All SGLT2 inhibitors promote modest weight loss (2–3 kg on average) and reduce systolic blood pressure by 3–5 mmHg. The effect is similar across agents, though canagliflozin 300 mg may produce slightly greater weight loss. Patients who already have low blood pressure or are on multiple antihypertensives need careful monitoring for hypotension and volume depletion.

Safety Considerations

Patients with a history of recurrent genital infections may benefit from lower starting doses and good hygiene education. Those at risk for amputations (prior amputation, peripheral vascular disease neuropathy) may avoid canagliflozin and choose empagliflozin or dapagliflozin. Similarly, patients with osteoporosis or fracture risk should avoid canagliflozin.

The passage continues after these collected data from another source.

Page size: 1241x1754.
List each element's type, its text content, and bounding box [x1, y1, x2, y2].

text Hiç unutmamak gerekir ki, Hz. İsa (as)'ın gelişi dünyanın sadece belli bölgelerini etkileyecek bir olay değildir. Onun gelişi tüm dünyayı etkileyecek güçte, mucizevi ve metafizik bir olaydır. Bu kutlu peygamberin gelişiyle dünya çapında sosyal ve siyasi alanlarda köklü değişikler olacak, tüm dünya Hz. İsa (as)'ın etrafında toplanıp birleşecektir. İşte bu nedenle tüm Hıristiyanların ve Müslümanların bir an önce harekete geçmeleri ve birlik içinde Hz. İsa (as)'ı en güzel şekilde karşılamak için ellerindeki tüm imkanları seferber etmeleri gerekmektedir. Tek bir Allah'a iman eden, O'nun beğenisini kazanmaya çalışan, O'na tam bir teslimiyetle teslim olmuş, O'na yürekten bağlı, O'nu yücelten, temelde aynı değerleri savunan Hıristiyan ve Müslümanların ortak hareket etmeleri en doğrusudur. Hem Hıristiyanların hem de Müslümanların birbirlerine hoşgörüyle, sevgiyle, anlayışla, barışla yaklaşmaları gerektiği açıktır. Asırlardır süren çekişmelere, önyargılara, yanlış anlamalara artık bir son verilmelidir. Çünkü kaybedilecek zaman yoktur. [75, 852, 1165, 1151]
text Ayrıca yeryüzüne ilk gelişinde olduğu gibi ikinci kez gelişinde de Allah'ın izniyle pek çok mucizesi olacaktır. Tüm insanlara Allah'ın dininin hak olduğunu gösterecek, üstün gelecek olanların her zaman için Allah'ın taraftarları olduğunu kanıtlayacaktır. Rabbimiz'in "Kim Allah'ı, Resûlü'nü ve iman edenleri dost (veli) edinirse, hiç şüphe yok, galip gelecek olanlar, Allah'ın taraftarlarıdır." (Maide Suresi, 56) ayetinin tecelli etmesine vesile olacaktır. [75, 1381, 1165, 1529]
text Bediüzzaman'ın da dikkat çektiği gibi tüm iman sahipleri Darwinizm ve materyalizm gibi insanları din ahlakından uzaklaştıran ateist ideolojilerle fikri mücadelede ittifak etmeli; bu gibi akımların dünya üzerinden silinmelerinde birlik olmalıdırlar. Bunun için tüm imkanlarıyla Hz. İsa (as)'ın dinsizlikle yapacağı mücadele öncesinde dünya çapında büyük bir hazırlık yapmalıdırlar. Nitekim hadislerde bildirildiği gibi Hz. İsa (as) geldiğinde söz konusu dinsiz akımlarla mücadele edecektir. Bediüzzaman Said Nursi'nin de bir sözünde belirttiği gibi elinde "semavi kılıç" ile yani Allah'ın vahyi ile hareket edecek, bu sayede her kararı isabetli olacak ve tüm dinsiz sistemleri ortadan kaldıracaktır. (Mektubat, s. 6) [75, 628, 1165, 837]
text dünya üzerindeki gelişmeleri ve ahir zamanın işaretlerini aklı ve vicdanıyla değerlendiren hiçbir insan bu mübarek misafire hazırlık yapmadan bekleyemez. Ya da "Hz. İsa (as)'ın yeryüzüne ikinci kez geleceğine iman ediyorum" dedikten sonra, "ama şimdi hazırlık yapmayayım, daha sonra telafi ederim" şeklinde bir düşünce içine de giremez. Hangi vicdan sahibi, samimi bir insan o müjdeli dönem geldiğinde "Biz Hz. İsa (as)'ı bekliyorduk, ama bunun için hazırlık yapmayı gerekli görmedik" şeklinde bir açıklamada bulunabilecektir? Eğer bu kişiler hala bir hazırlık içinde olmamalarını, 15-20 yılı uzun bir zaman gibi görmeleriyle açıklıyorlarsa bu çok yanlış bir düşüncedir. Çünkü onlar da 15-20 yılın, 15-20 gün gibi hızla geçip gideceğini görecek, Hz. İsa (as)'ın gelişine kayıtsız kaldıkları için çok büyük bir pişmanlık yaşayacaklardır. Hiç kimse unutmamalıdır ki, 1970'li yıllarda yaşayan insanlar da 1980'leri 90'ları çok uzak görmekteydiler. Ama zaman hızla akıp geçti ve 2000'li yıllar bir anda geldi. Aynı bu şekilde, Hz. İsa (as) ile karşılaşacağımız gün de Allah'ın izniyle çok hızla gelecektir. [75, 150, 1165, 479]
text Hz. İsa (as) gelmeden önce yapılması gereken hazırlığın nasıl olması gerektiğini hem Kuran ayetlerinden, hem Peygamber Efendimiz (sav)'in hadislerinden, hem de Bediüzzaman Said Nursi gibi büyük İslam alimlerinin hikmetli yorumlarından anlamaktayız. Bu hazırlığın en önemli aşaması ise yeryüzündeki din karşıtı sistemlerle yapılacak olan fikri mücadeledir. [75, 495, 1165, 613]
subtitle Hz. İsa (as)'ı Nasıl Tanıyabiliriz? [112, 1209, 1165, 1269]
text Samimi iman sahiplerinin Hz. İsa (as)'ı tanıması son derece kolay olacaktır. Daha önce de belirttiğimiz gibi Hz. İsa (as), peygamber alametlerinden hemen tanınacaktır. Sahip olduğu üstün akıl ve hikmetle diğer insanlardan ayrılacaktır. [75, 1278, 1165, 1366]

Convenience and Combination Therapies

All agents are once daily. Some combinations are available as fixed-dose combinations with metformin, DPP-4 inhibitors, or other drugs. This can reduce pill burden for patients already taking multiple medications. For example, empagliflozin is available with metformin (Synjardy) and linagliptin (Glyxambi).

Cost and Access

Check your insurance formulary. Often, one of the three major agents is preferred. Patient assistance programs require income verification but can reduce copays significantly. If cost is a barrier and ertugliflozin is on a lower tier, it may be a reasonable alternative, though clinical evidence is less robust.

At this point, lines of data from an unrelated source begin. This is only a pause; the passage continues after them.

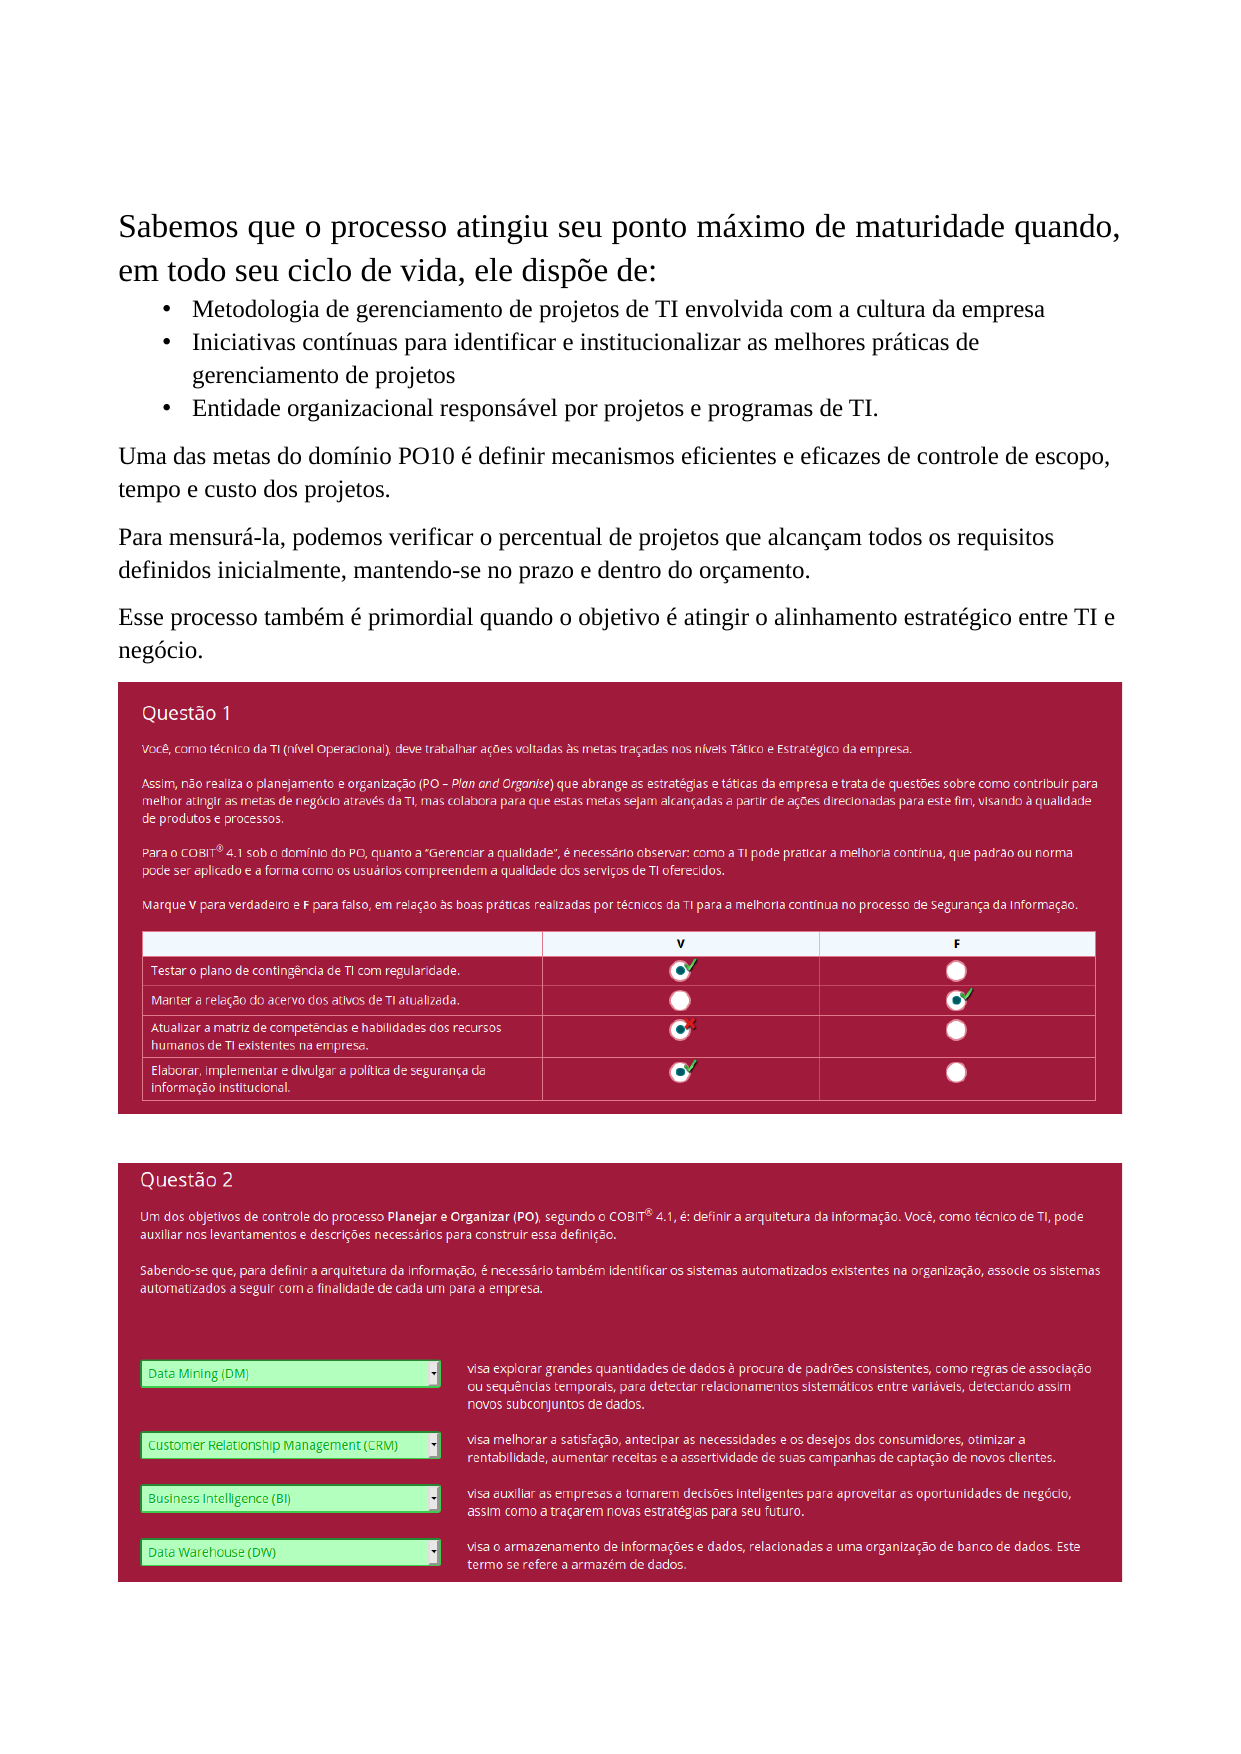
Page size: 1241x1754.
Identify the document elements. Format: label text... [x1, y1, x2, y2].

text Para mensurá-la, podemos verificar o percentual de projetos que alcançam todos os requisitos definidos inicialmente, mantendo-se no prazo e dentro do orçamento. [118, 522, 1122, 583]
text Uma das metas do domínio PO10 é definir mecanismos eficientes e eficazes de controle de escopo, tempo e custo dos projetos. [118, 441, 1122, 503]
text Esse processo também é primordial quando o objetivo é atingir o alinhamento estratégico entre TI e negócio. [118, 602, 1122, 664]
picture [118, 682, 1123, 1114]
text Sabemos que o processo atingiu seu ponto máximo de maturidade quando, em todo seu ciclo de vida, ele dispõe de: [118, 206, 1122, 289]
list Iniciativas contínuas para identificar e institucionalizar as melhores práticas de gerenciamento de projetos [162, 327, 1122, 389]
list Entidade organizacional responsável por projetos e programas de TI. [162, 393, 1122, 422]
picture [118, 1163, 1123, 1582]
list Metodologia de gerenciamento de projetos de TI envolvida com a cultura da empresa [162, 294, 1122, 323]
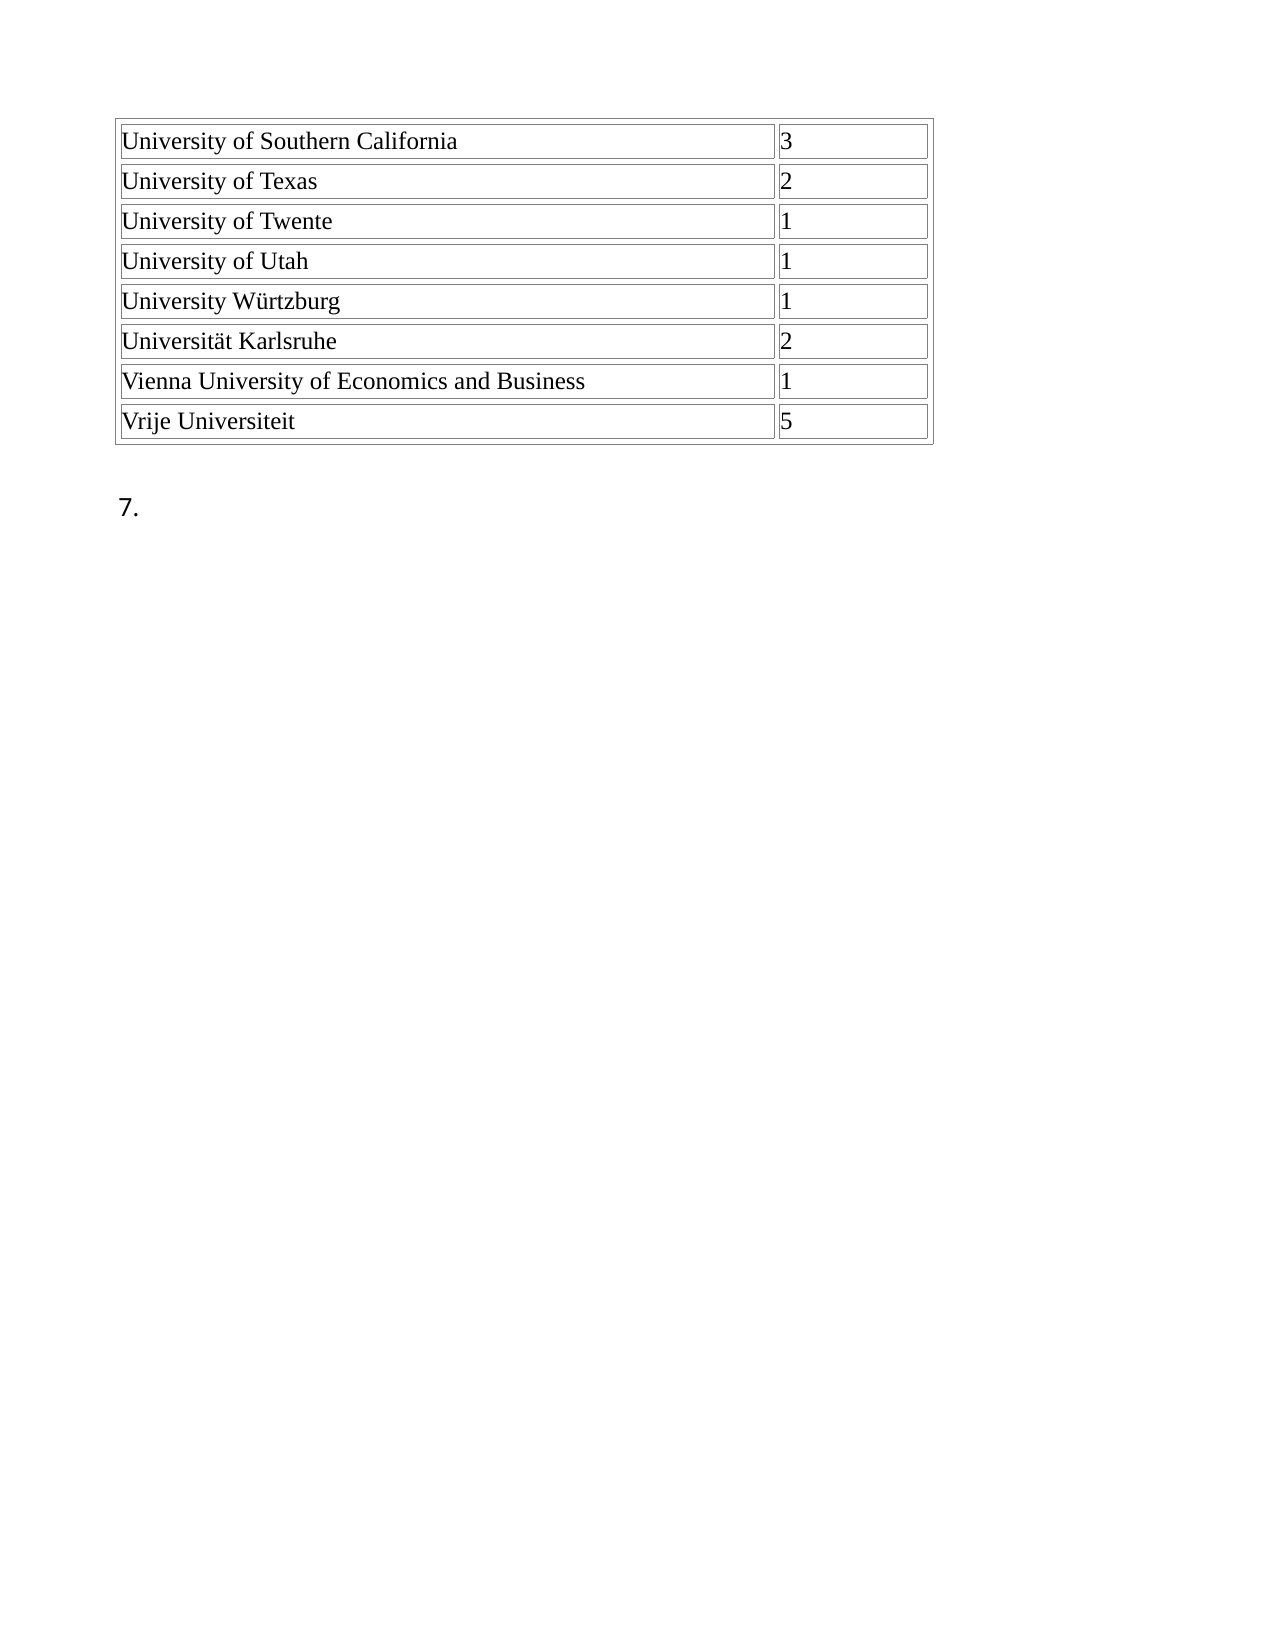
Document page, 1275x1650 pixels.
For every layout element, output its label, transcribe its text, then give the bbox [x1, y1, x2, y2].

table_cell 3 [777, 119, 930, 158]
table_cell Vrije Universiteit [118, 398, 777, 438]
table_cell 1 [777, 358, 930, 398]
table_cell University of Utah [118, 238, 777, 278]
table_cell University of Southern California [118, 119, 777, 158]
table_cell 1 [777, 278, 930, 318]
table_cell 5 [777, 398, 930, 438]
table_cell 1 [777, 198, 930, 238]
table_cell 1 [777, 238, 930, 278]
table_cell University of Twente [118, 198, 777, 238]
text 7. [118, 490, 1157, 524]
table_cell 2 [777, 318, 930, 358]
table_cell Vienna University of Economics and Business [118, 358, 777, 398]
table_cell University Würtzburg [118, 278, 777, 318]
table_cell University of Texas [118, 158, 777, 198]
table_cell Universität Karlsruhe [118, 318, 777, 358]
table_cell 2 [777, 158, 930, 198]

Practical Tips for Starting an SGLT2 Inhibitor

Monitor renal function and electrolytes before starting and periodically thereafter (eGFR, potassium).
Educate patients about signs of genital infections and how to report them early.
Advise patients to maintain adequate fluid intake to minimize dehydration risk.
Warn about the rare but serious risk of ketoacidosis; monitor blood ketones if symptoms (nausea, vomiting, breathlessness) occur even if blood glucose is not very high.
Consider temporary discontinuation in patients who are hospitalized, undergoing surgery, or experiencing serious illness.
For patients on diuretics, consider dose reduction to prevent hypotension and renal impairment.

Conclusion

SGLT2 inhibitors have transformed the management of type 2 diabetes and expanded into cardiorenal protection independently of glycemic status. While canagliflozin, dapagliflozin, empagliflozin, and ertugliflozin share a core mechanism, differences in their approved indications, cardiovascular and renal outcome data, safety profiles, and costs guide individualized prescribing. For most patients with type 2 diabetes and comorbidities, empagliflozin and dapagliflozin are preferred due to their robust evidence base and broader indications. Canagliflozin remains a good option for those with diabetic kidney disease, provided amputation and fracture risks are low. Ertugliflozin may be suitable for some patients, especially if cost or formulary access is an issue.

Ultimately, the decision should be made in collaboration with a healthcare provider who can evaluate the patient's medical history, risk factors, and treatment priorities. Regular follow-up and monitoring are essential to maximize benefits and minimize harms. Do not start or switch SGLT2 inhibitors without first consulting your prescribing clinician.